Причины изменения казалось бы устоявшегося обычая можно понять, поскольку перемены не распространились на детей. Жители среднего неолита почему-то полагали, что именно тех, кто умер во взрослом возрасте необходимо разлучать с домом, предавая земле или на кладбищах или в специальных «домах мертвых». Но чем дети отличаются от взрослых?
Подобно неандертальцам и кроманьонцам, обитатели неолитических поселений полагали, что умершие дети в инобытии станут взрослыми. В том же Телль ас-Саване [130] детские захоронения по инвентарю неотличимы от взрослых, в них нет специальных детских вещей. Поэтому живых смущал не возраст сам по себе, а нечто, лишь отчасти связанное с годами земной жизни, а не с «возрастом» в вечности. Надо заметить, что и в настоящее время в Индии общий для всех индусов закон о кремации умерших не распространяется на детей до пяти-шести лет и на святых. Объясняют эти «исключения» обычно тем, что маленькие дети еще свободны от греха и потому не оскверняют собой землю, а святые подвижники аскезой уничтожили в себе все греховное. Очень возможно, что люди среднего неолита размышляли подобным образом и потому перестали хоронить взрослых в своих жилищах. Взрослые были грешны.

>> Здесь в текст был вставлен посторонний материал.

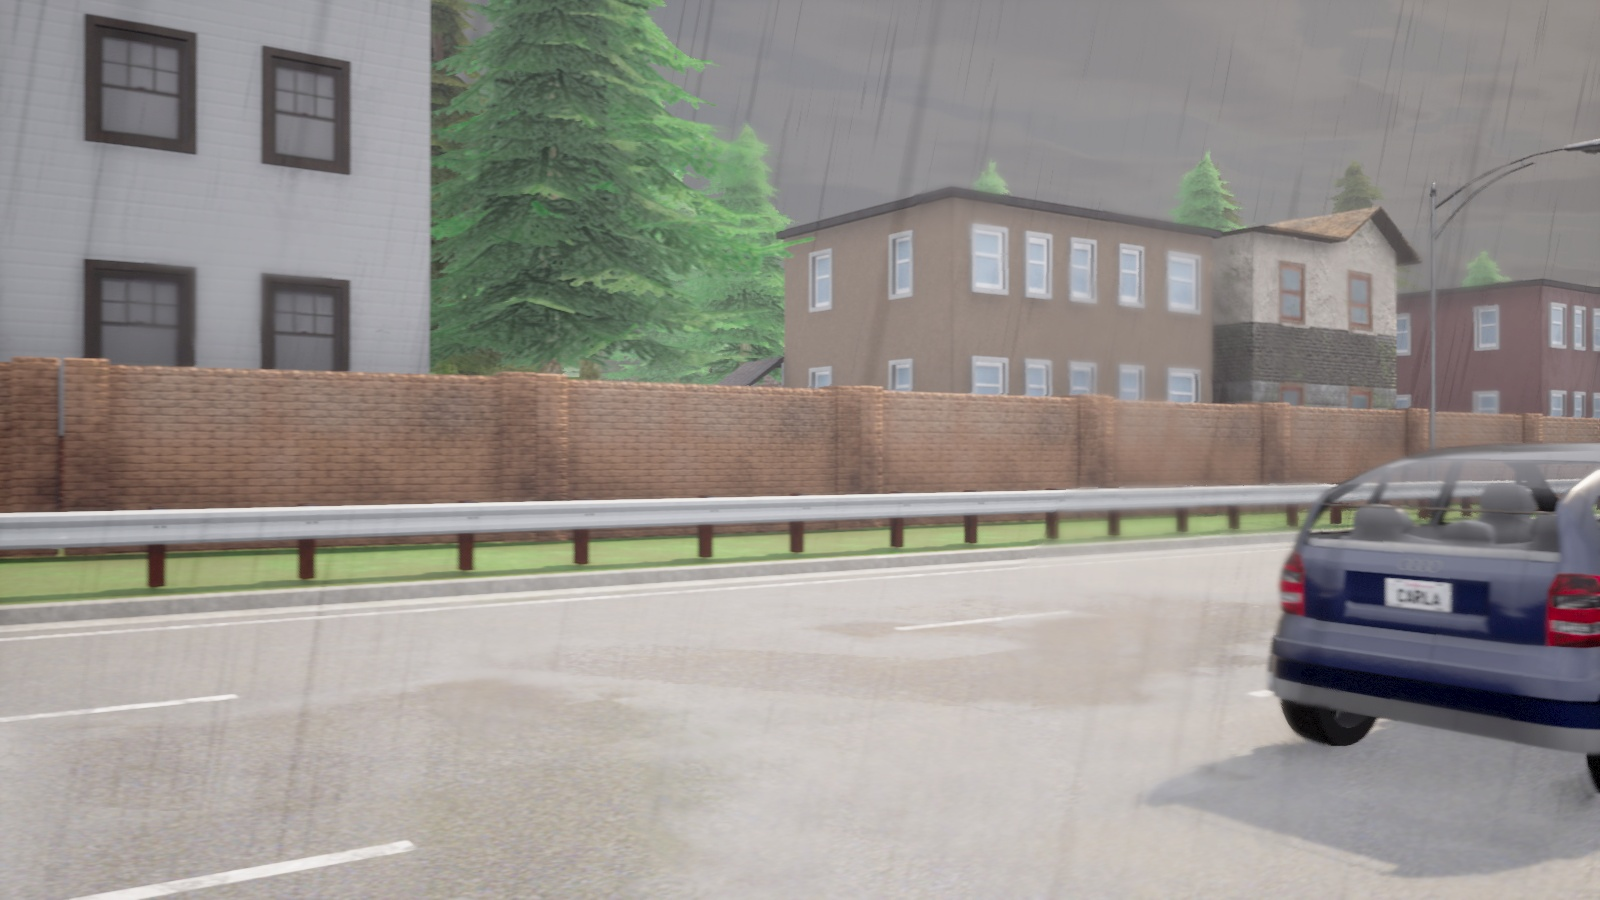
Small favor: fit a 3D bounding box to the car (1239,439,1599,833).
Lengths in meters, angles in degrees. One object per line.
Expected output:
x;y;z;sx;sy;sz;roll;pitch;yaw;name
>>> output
4.232;0.730;6.605;3.705;1.549;1.789;0;0;-35;car
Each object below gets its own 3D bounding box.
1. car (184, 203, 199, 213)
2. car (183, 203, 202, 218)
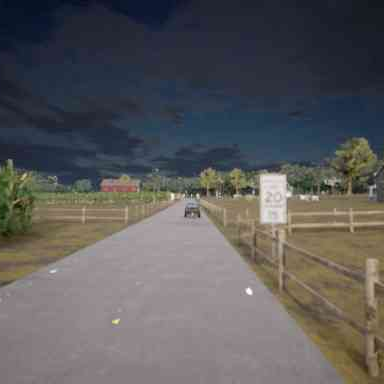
[{"bbox_3d":[-0.067,2.322,48.885,1.994,1.385,4.181,0,-1,0],"label":"car"},{"bbox_3d":[0.040,2.113,38.110,1.837,1.490,4.892,0,-1,0],"label":"car"}]
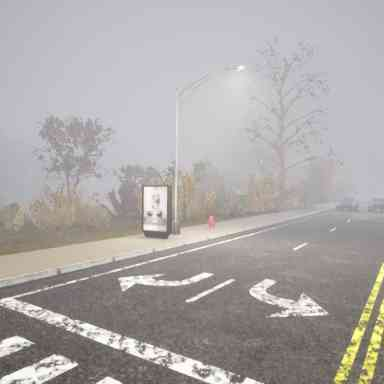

Понятие греха – одно из важнейших в большинстве религий. Суть его в том, что человек своевольно нарушает какие-то установленные Творцом мира законы. Если все в мире – и живое и неживое – естественно следует тем правилам, которые заложены в основание мироздания, то человек может делать это, а может и не делать. Он – свободен. Свобода эта не беспредельна. В чем-то, подобно всем живым существам, человек инстинктивно подчиняется естественному закону – он не в состоянии свободно отказаться от питья, дыхания, сна, хотя может волевым усилием и существенно ограничить свои потребности и желания. Но где-то, и в очень обширной области своих действий, человек свободен вполне. Он может делать другим людям гадости, а может помогать им, он в состоянии жертвовать собой ради ближнего, любимого им, а может и требовать жертвы себе от других людей. Каждый из нас много раз на дню делает, часто того не замечая, такие выборы между добром и злом, хорошим и плохим. Для религиозного ума добро – это не просто то, что люди согласились считать таковым. Добро – это объективное установление Божие человеку, это – воля Божия в отношении человека, это, если угодно, предписанный ему Творцом закон, следуя которому он обязательно достигнет счастья, поскольку Бог – благ.
Напротив, зло – это отход от Бога в своеволие. Презрение к закону, данному человеку Творцом. Поскольку Бог – единственный первоисточник жизни, то отход от Него есть смерть, превращение в ничто. Грех – это и есть такое самоуничтожение, хотя с точки зрения самого совершающего грех человека, он самоутверждается, реализуя поставленные им перед собой цели. Человек не может вполне понять своим умом, почему-то хорошо, а это плохо, желание плохого к тому же часто застилает ему глаза. Отсюда – закон – это объективированная, но не объясненная воля Бога. Во многих религиях именно божественный закон является нитью, ведущей человека к своему Творцу, к блаженству и бессмертию.
Разделение заупокойных обычаев, различия в топографии погребений детей и взрослых с наибольшей достоверностью могут быть объяснены именно сознанием греховности взрослого человека. Но так же и убежденностью в безгрешности младенцев. Поэтому мы можем предположить, что в эпоху неолита грех считался делом рук самого человека, его свободного волевого выбора. Понятно, что младенец такой выбор сделать еще не может и потому сохраняет безгрешность. Умерший взрослый начинает сознаваться, как вместилище грехов, которые могут перейти на живых, продолжающих жить в доме, где он покоится. Ведь мысль о взаимообмене силами живых и умерших за несколько тысячелетий доразделения дома и кладбища уже легла основанием религиозного бытия человека, вызвав к жизни, как мы предположили, и оседлость, и доместикацию. Но тогда, в протонеолите и раннем неолите этот «взаимообмен» воспринимался как благо, теперь же – как вредоносная опасность. И мертвые покидают мир живых. Их обителью отныне становится некрополь – город мертвых, кладбище.